Barradas Victor R, Cho Woorim, Koike Yasuharu
Institute of Innovative Research, Tokyo Institute of Technology, Yokohama, Japan.
School of Engineering, Tokyo Institute of Technology, Yokohama, Japan.
Front Hum Neurosci. 2023 Jan 20;16:805867. doi: 10.3389/fnhum.2022.805867. eCollection 2022.
Augmented feedback provided by a coach or augmented reality system can facilitate the acquisition of a motor skill. Verbal instructions and visual aids can be effective in providing feedback about the kinematics of the desired movements. However, many skills require mastering not only kinematic, but also complex kinetic patterns, for which feedback is harder to convey. Here, we propose the electromyography (EMG) space similarity feedback, which may indirectly convey kinematic and kinetic feedback by comparing the muscle activations of the learner and an expert in the task. The EMG space similarity feedback is a score that reflects how well a set of muscle synergies extracted from the expert can reconstruct the learner's EMG when performing the task. We tested the EMG space similarity feedback in a virtual bimanual polishing task that uses a robotic system to simulate the dynamics of a real polishing operation. We measured the expert's and learner's EMG from eight muscles in each arm during the real and virtual polishing tasks, respectively. The goal of the virtual task was to smoothen the surface of a virtual object. Therefore, we defined performance in the task as the smoothness of the object at the end of a trial. We separated learners into real feedback and null feedback groups to assess the effects of the EMG space similarity feedback. The real and null feedback groups received veridic and no EMG space similarity feedback, respectively. Subjects participated in five training sessions on different days, and we evaluated their performance on each day. Subjects in both groups were able to increase smoothness throughout the training sessions, with no significant differences between groups. However, subjects in the real feedback group were able to improve in the EMG space similarity score to a significantly greater extent than the null feedback group.
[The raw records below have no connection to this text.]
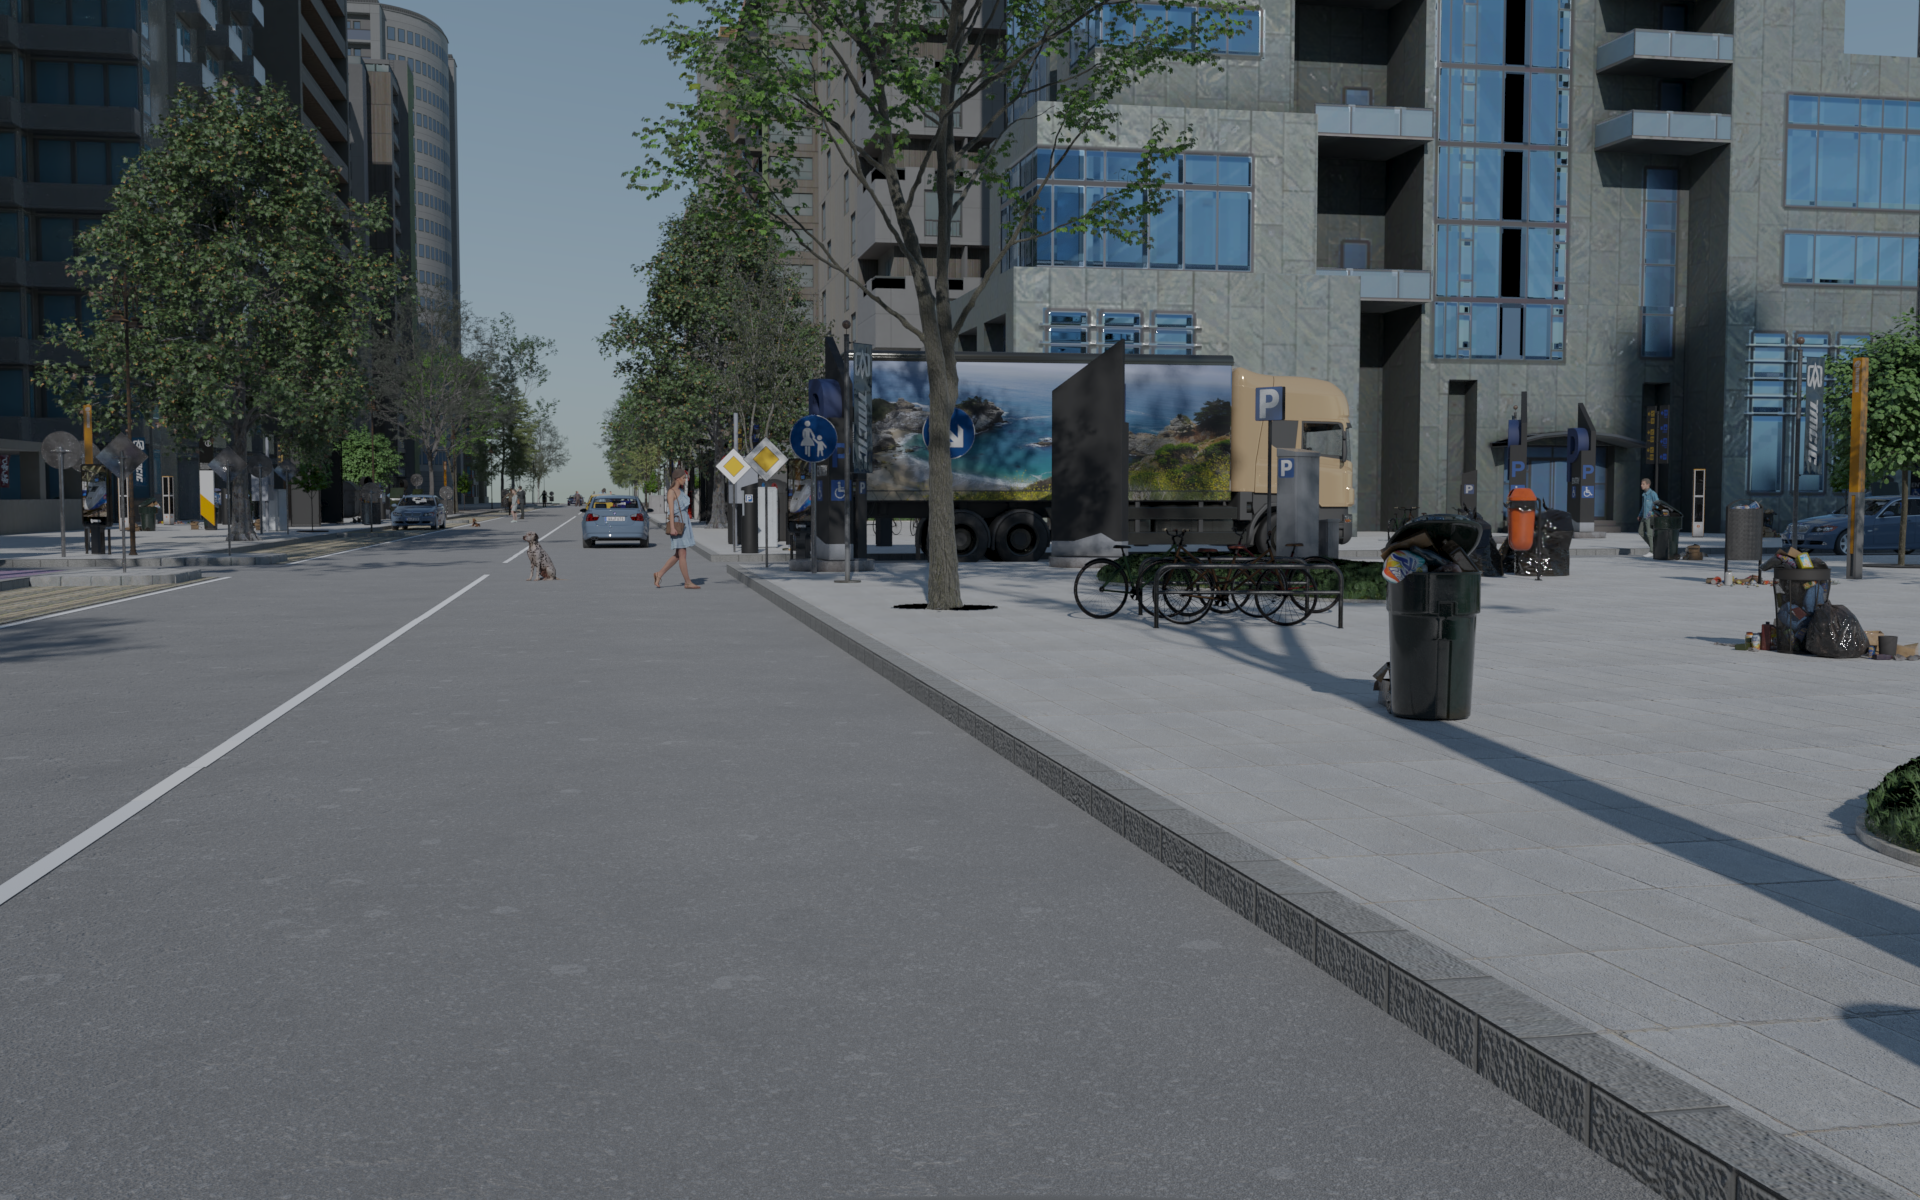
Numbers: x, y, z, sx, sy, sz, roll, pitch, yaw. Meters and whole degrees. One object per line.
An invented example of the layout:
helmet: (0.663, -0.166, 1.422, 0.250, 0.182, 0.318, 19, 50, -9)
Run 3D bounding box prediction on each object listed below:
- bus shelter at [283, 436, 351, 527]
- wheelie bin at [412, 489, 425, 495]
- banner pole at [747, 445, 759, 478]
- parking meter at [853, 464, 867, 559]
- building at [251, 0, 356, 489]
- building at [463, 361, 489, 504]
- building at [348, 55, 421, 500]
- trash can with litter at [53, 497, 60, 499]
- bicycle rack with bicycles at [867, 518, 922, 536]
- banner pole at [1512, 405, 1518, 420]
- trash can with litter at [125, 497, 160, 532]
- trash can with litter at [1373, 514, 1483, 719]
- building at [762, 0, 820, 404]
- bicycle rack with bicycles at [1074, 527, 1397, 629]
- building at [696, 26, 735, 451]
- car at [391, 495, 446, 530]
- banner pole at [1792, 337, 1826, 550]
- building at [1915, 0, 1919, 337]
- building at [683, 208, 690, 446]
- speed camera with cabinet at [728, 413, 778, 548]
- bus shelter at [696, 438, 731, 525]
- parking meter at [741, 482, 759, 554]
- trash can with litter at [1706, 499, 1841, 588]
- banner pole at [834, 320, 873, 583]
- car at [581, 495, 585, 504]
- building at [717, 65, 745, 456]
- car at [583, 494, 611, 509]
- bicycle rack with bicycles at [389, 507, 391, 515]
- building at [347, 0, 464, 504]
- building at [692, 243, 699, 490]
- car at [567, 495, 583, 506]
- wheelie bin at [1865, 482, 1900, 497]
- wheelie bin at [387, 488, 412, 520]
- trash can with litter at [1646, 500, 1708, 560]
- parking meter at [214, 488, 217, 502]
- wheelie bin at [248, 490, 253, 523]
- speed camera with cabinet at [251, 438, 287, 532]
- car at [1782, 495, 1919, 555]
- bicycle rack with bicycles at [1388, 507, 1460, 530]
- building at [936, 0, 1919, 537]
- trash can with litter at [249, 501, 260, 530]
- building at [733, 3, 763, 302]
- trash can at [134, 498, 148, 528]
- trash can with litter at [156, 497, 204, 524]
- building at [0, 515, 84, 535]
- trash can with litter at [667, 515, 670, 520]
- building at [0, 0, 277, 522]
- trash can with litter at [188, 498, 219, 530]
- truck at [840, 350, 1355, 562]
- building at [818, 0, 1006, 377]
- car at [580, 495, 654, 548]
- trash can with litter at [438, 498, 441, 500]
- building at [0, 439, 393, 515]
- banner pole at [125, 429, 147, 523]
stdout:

Additionally, subjects in the real feedback group produced muscle activations that became increasingly consistent with an important muscle synergy found in the expert. Our results indicate that the EMG space similarity feedback promotes acquiring expert-like muscle activation patterns, suggesting that it may assist in the acquisition of complex motor skills.
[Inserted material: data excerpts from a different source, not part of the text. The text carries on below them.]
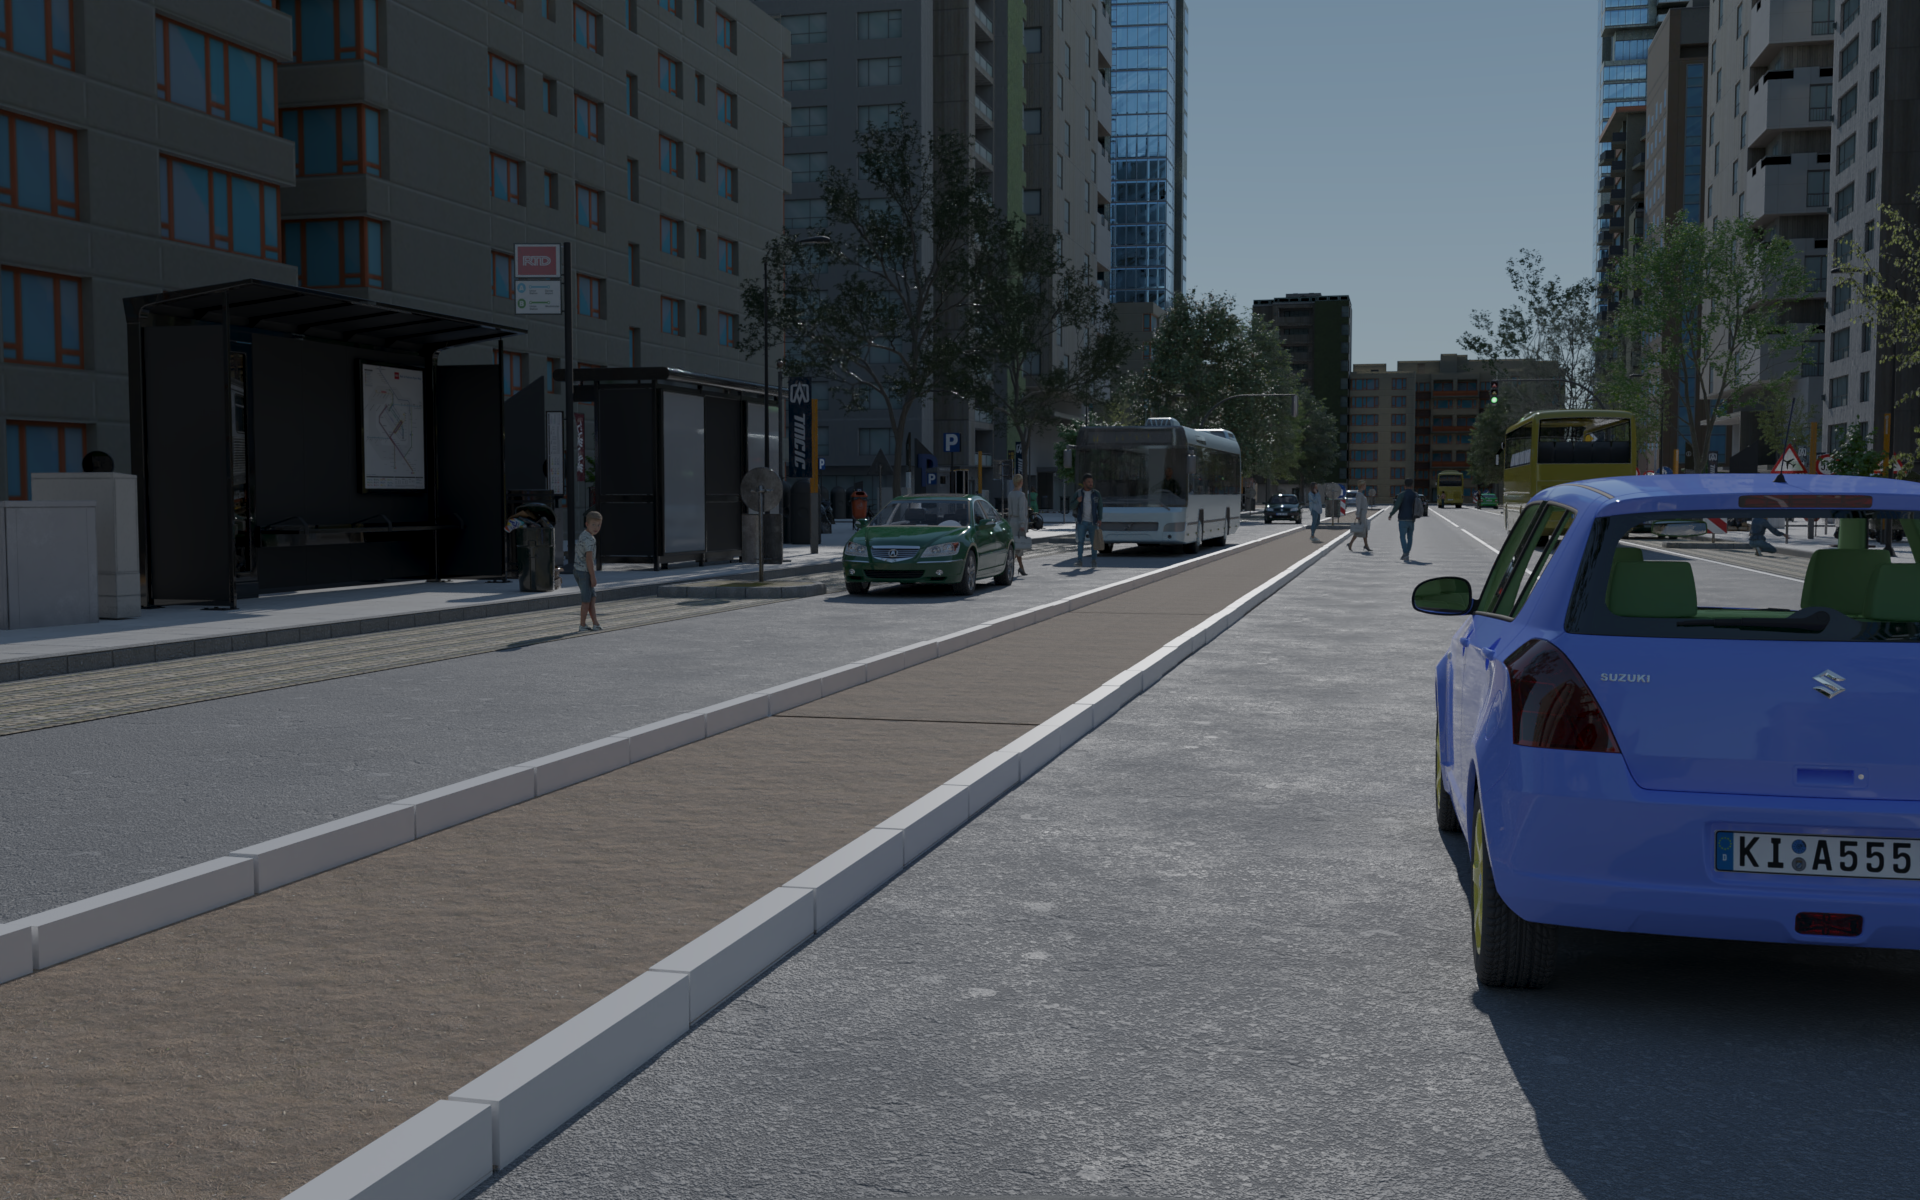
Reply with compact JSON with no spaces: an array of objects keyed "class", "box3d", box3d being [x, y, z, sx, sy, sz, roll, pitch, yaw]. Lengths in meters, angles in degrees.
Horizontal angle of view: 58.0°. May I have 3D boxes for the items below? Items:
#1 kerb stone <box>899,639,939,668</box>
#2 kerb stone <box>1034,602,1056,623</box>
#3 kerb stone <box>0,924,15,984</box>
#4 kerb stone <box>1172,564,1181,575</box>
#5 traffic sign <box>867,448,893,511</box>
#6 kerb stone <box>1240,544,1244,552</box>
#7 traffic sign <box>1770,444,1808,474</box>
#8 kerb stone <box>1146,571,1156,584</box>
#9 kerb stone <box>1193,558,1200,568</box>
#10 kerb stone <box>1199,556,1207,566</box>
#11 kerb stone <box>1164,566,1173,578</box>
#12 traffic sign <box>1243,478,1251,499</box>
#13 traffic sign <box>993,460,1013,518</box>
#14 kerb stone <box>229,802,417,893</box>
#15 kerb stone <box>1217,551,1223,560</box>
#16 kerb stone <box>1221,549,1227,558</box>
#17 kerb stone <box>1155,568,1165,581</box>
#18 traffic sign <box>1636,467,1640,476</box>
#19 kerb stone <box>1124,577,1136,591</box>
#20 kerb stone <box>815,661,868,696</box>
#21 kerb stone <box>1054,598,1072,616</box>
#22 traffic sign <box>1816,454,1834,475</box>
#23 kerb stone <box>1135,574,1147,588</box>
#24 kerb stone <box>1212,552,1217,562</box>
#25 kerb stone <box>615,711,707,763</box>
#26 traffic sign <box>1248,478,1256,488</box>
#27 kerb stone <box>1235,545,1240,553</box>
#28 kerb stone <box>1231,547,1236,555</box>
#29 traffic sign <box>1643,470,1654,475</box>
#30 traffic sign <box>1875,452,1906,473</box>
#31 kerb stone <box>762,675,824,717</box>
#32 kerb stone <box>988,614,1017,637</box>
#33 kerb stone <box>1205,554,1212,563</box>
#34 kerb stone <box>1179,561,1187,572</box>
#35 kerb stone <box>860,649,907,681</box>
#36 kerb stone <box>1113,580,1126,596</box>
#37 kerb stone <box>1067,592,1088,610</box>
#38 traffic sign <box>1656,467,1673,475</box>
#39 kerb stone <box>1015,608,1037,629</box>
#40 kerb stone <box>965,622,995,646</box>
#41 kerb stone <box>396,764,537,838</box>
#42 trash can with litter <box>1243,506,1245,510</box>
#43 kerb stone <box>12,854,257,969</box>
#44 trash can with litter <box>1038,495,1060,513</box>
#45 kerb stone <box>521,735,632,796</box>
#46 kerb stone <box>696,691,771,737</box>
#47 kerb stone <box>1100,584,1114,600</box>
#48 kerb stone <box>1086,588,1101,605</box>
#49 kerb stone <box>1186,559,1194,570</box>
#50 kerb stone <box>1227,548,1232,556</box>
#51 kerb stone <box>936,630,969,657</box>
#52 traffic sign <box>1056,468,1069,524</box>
[{"class":"kerb stone","box3d":[-0.385,0.464,14.615,0.120,0.150,1.000,1,4,14]},{"class":"kerb stone","box3d":[0.898,0.161,19.569,0.120,0.150,1.000,1,4,14]},{"class":"kerb stone","box3d":[-2.940,1.071,4.679,0.120,0.150,1.000,1,4,14]},{"class":"kerb stone","box3d":[3.716,-0.506,30.490,0.120,0.150,1.000,1,4,14]},{"class":"traffic sign","box3d":[-2.264,-3.015,49.295,0.884,2.594,0.081,1,4,22]},{"class":"kerb stone","box3d":[6.789,-1.236,42.399,0.120,0.150,1.000,1,4,14]},{"class":"traffic sign","box3d":[21.328,-2.728,44.609,0.884,2.594,0.081,1,4,16]},{"class":"kerb stone","box3d":[2.941,-0.325,27.510,0.120,0.150,1.000,1,4,14]},{"class":"kerb stone","box3d":[4.473,-0.689,33.466,0.120,0.150,1.000,1,4,14]},{"class":"kerb stone","box3d":[4.739,-0.750,34.463,0.120,0.150,1.000,1,4,14]},{"class":"kerb stone","box3d":[3.454,-0.447,29.502,0.120,0.150,1.000,1,4,14]},{"class":"traffic sign","box3d":[21.968,-8.149,133.341,0.768,2.556,0.104,1,4,16]},{"class":"traffic sign","box3d":[1.266,-3.017,51.456,0.606,2.300,0.079,1,4,19]},{"class":"kerb stone","box3d":[-2.431,0.950,6.666,0.120,0.150,1.000,1,4,14]},{"class":"kerb stone","box3d":[5.512,-0.932,37.442,0.120,0.150,1.000,1,4,14]},{"class":"kerb stone","box3d":[5.760,-0.991,38.436,0.120,0.150,1.000,1,4,14]},{"class":"kerb stone","box3d":[3.205,-0.386,28.510,0.120,0.150,1.000,1,4,14]},{"class":"traffic sign","box3d":[29.847,-4.708,77.083,0.768,2.556,0.104,1,4,17]},{"class":"kerb stone","box3d":[2.427,-0.200,25.521,0.120,0.150,1.000,1,4,14]},{"class":"kerb stone","box3d":[-0.897,0.589,12.627,0.120,0.150,1.000,1,4,14]},{"class":"kerb stone","box3d":[1.146,0.109,20.561,0.120,0.150,1.000,1,4,14]},{"class":"traffic sign","box3d":[27.354,-3.335,54.640,0.768,2.556,0.104,1,4,20]},{"class":"kerb stone","box3d":[2.688,-0.264,26.519,0.120,0.150,1.000,1,4,14]},{"class":"kerb stone","box3d":[5.247,-0.872,36.449,0.120,0.150,1.000,1,4,14]},{"class":"kerb stone","box3d":[-1.674,0.768,9.642,0.120,0.150,1.000,1,4,14]},{"class":"traffic sign","box3d":[22.480,-8.181,133.864,0.768,2.556,0.104,1,4,22]},{"class":"kerb stone","box3d":[6.527,-1.174,41.410,0.120,0.150,1.000,1,4,14]},{"class":"kerb stone","box3d":[6.268,-1.108,40.419,0.120,0.150,1.000,1,4,14]},{"class":"traffic sign","box3d":[36.851,-5.656,92.574,0.768,2.556,0.104,1,4,17]},{"class":"traffic sign","box3d":[24.022,-2.744,44.875,0.884,2.594,0.081,1,4,20]},{"class":"kerb stone","box3d":[-1.151,0.647,11.624,0.120,0.150,1.000,1,4,14]},{"class":"kerb stone","box3d":[0.383,0.282,17.590,0.120,0.150,1.000,1,4,14]},{"class":"kerb stone","box3d":[4.993,-0.809,35.454,0.120,0.150,1.000,1,4,14]},{"class":"kerb stone","box3d":[3.963,-0.568,31.486,0.120,0.150,1.000,1,4,14]},{"class":"kerb stone","box3d":[-0.637,0.525,13.618,0.120,0.150,1.000,1,4,14]},{"class":"kerb stone","box3d":[2.171,-0.143,24.527,0.120,0.150,1.000,1,4,14]},{"class":"kerb stone","box3d":[1.408,0.039,21.550,0.120,0.150,1.000,1,4,14]},{"class":"traffic sign","box3d":[32.582,-4.898,80.189,0.768,2.556,0.104,1,4,22]},{"class":"kerb stone","box3d":[0.638,0.224,18.580,0.120,0.150,1.000,1,4,14]},{"class":"kerb stone","box3d":[0.135,0.350,16.597,0.120,0.150,1.000,1,4,14]},{"class":"kerb stone","box3d":[-2.181,0.889,7.657,0.120,0.150,1.000,1,4,14]},{"class":"trash can with litter","box3d":[23.222,-8.082,143.532,1.055,1.170,0.624,-2,4,-24]},{"class":"kerb stone","box3d":[-2.688,1.019,5.678,0.120,0.150,1.000,1,4,14]},{"class":"trash can with litter","box3d":[6.065,-6.420,116.017,2.233,1.210,1.678,-1,4,-19]},{"class":"kerb stone","box3d":[-1.923,0.829,8.646,0.120,0.150,1.000,1,4,14]},{"class":"kerb stone","box3d":[-1.413,0.708,10.636,0.120,0.150,1.000,1,4,14]},{"class":"kerb stone","box3d":[1.916,-0.082,23.530,0.120,0.150,1.000,1,4,14]},{"class":"kerb stone","box3d":[1.660,-0.021,22.541,0.120,0.150,1.000,1,4,14]},{"class":"kerb stone","box3d":[4.224,-0.629,32.474,0.120,0.150,1.000,1,4,14]},{"class":"kerb stone","box3d":[6.017,-1.054,39.426,0.120,0.150,1.000,1,4,14]},{"class":"kerb stone","box3d":[-0.119,0.410,15.606,0.120,0.150,1.000,1,4,14]},{"class":"traffic sign","box3d":[4.460,-4.525,74.094,0.768,2.556,0.104,1,4,15]}]

由教练或增强现实系统提供的增强反馈可以促进运动技能的习得。言语指令和视觉辅助手段在提供有关期望动作的运动学反馈方面可能是有效的。然而,许多技能不仅需要掌握运动学,还需要掌握复杂的动力学模式,而对于这些模式,反馈更难传达。在此,我们提出肌电图(EMG)空间相似性反馈,它可以通过比较学习者和该任务专家的肌肉激活情况来间接传达运动学和动力学反馈。EMG空间相似性反馈是一个分数,反映了从专家身上提取的一组肌肉协同作用在执行任务时能够在多大程度上重构学习者的肌电图。我们在一个虚拟双手抛光任务中测试了EMG空间相似性反馈,该任务使用机器人系统来模拟真实抛光操作的动力学。我们分别在真实和虚拟抛光任务期间测量了专家和学习者每只手臂中八块肌肉的肌电图。虚拟任务的目标是使虚拟物体的表面变得光滑。因此,我们将任务中的表现定义为一次试验结束时物体的光滑度。我们将学习者分为真实反馈组和无反馈组,以评估EMG空间相似性反馈的效果。真实反馈组和无反馈组分别接受真实的和无EMG空间相似性反馈。受试者在不同的日子参加了五次训练课程,我们评估了他们每天的表现。两组受试者在整个训练课程中都能够提高光滑度,两组之间没有显著差异。然而,真实反馈组的受试者在EMG空间相似性分数上的提高程度明显大于无反馈组。此外,真实反馈组的受试者产生的肌肉激活与在专家身上发现的一种重要肌肉协同作用越来越一致。我们的结果表明,EMG空间相似性反馈促进了类专家肌肉激活模式的习得,这表明它可能有助于复杂运动技能的习得。